§ **Work to complete**
For the data below, report only the number of lines containing the string "from".

### Supplied material ###

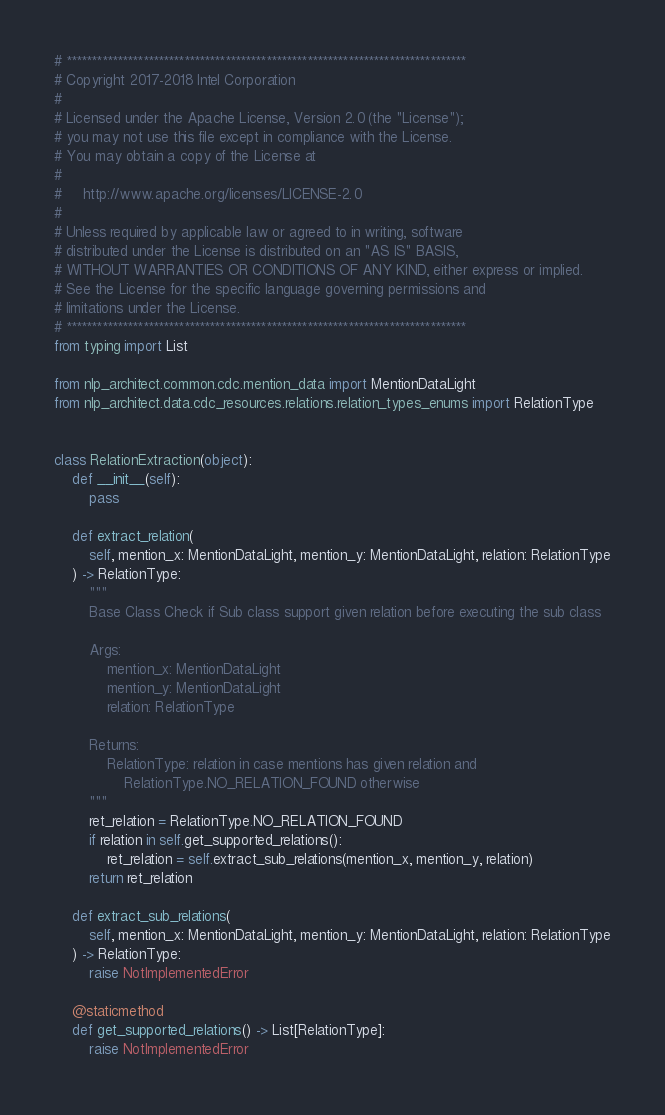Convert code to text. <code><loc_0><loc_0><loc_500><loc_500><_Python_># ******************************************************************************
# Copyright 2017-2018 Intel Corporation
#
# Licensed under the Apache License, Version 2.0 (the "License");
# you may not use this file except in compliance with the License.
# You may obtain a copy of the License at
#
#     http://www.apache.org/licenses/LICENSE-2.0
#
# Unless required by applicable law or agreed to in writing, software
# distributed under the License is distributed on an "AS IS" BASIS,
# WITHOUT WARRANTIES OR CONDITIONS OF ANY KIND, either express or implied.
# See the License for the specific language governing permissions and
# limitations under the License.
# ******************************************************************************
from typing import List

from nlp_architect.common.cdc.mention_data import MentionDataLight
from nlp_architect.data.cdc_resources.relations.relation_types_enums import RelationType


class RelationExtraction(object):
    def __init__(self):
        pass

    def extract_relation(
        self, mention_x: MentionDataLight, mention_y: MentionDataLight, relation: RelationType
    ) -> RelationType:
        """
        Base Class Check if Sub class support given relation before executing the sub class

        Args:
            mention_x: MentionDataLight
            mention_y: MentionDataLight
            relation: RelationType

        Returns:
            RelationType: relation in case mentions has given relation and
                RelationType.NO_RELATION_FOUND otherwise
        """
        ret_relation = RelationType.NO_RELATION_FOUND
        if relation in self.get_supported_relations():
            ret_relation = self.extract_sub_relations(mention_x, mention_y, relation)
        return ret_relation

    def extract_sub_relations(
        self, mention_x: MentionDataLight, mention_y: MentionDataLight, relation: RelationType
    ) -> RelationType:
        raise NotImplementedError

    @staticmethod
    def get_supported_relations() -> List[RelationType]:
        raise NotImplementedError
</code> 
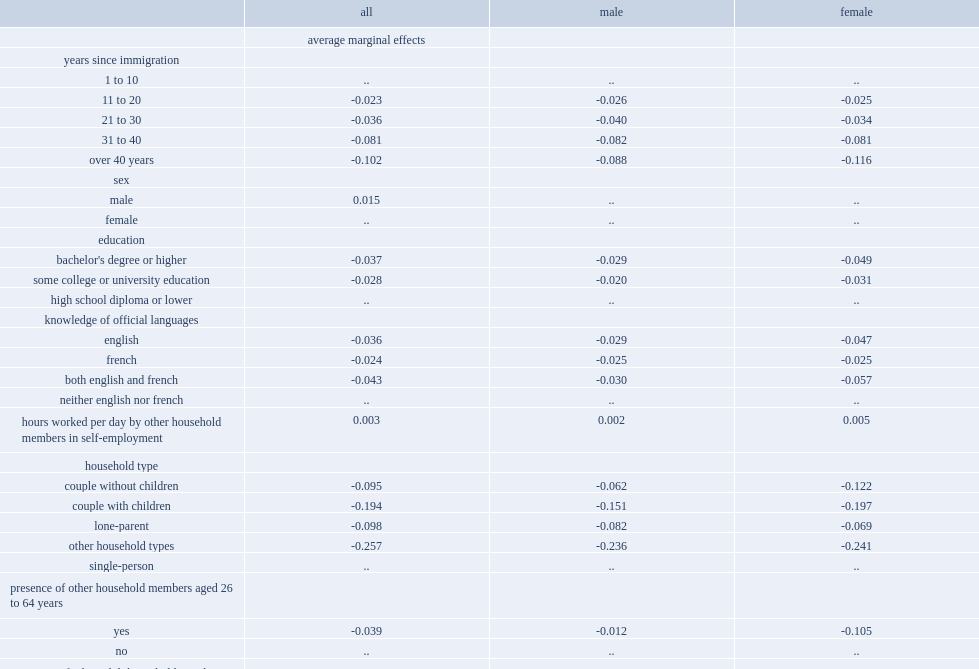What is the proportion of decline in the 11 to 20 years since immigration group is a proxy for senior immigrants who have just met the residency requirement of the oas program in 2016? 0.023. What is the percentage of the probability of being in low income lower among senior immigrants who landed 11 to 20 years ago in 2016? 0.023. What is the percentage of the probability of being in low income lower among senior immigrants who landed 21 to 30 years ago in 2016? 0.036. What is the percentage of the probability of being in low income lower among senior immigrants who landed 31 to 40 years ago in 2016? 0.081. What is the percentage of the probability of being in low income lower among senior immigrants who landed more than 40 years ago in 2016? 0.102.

###
### Supplied material ###

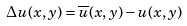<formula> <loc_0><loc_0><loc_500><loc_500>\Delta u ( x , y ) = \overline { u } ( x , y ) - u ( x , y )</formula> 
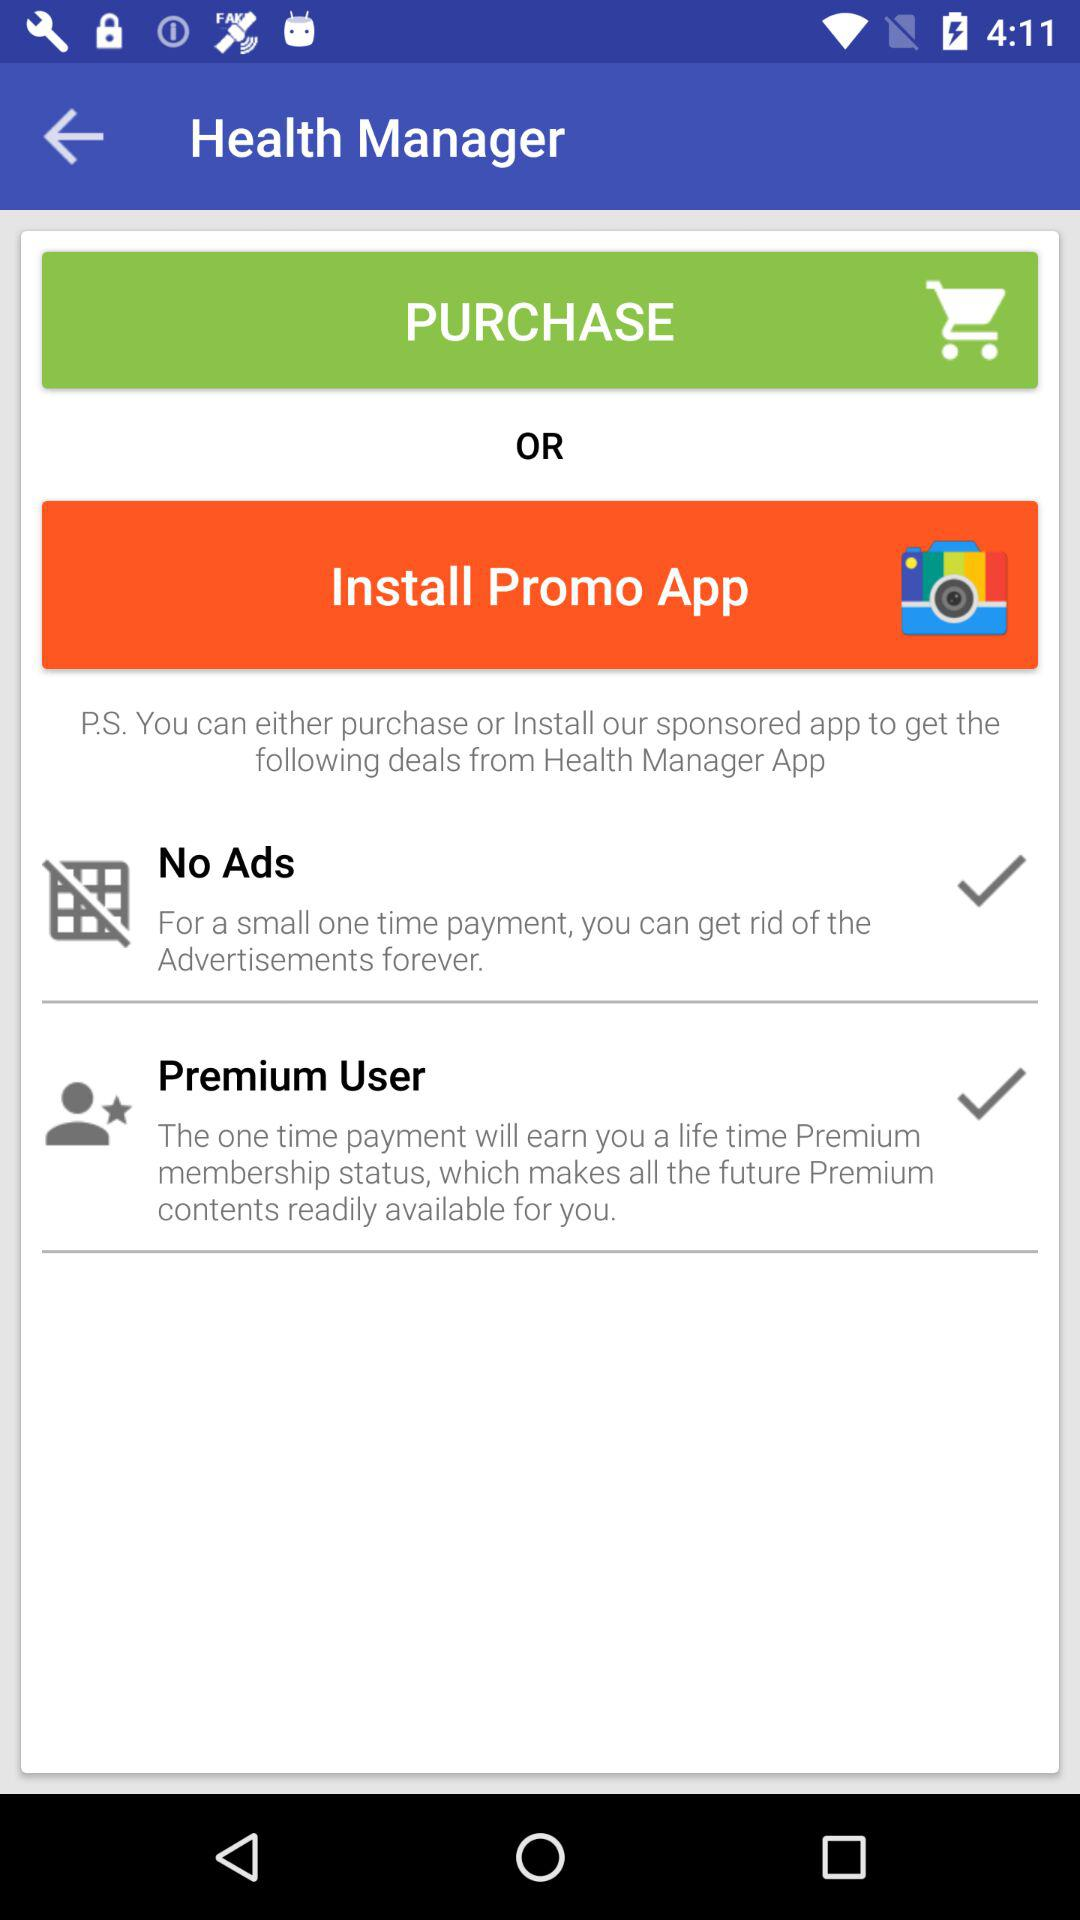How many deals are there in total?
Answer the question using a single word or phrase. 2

###

§ **Task result**
3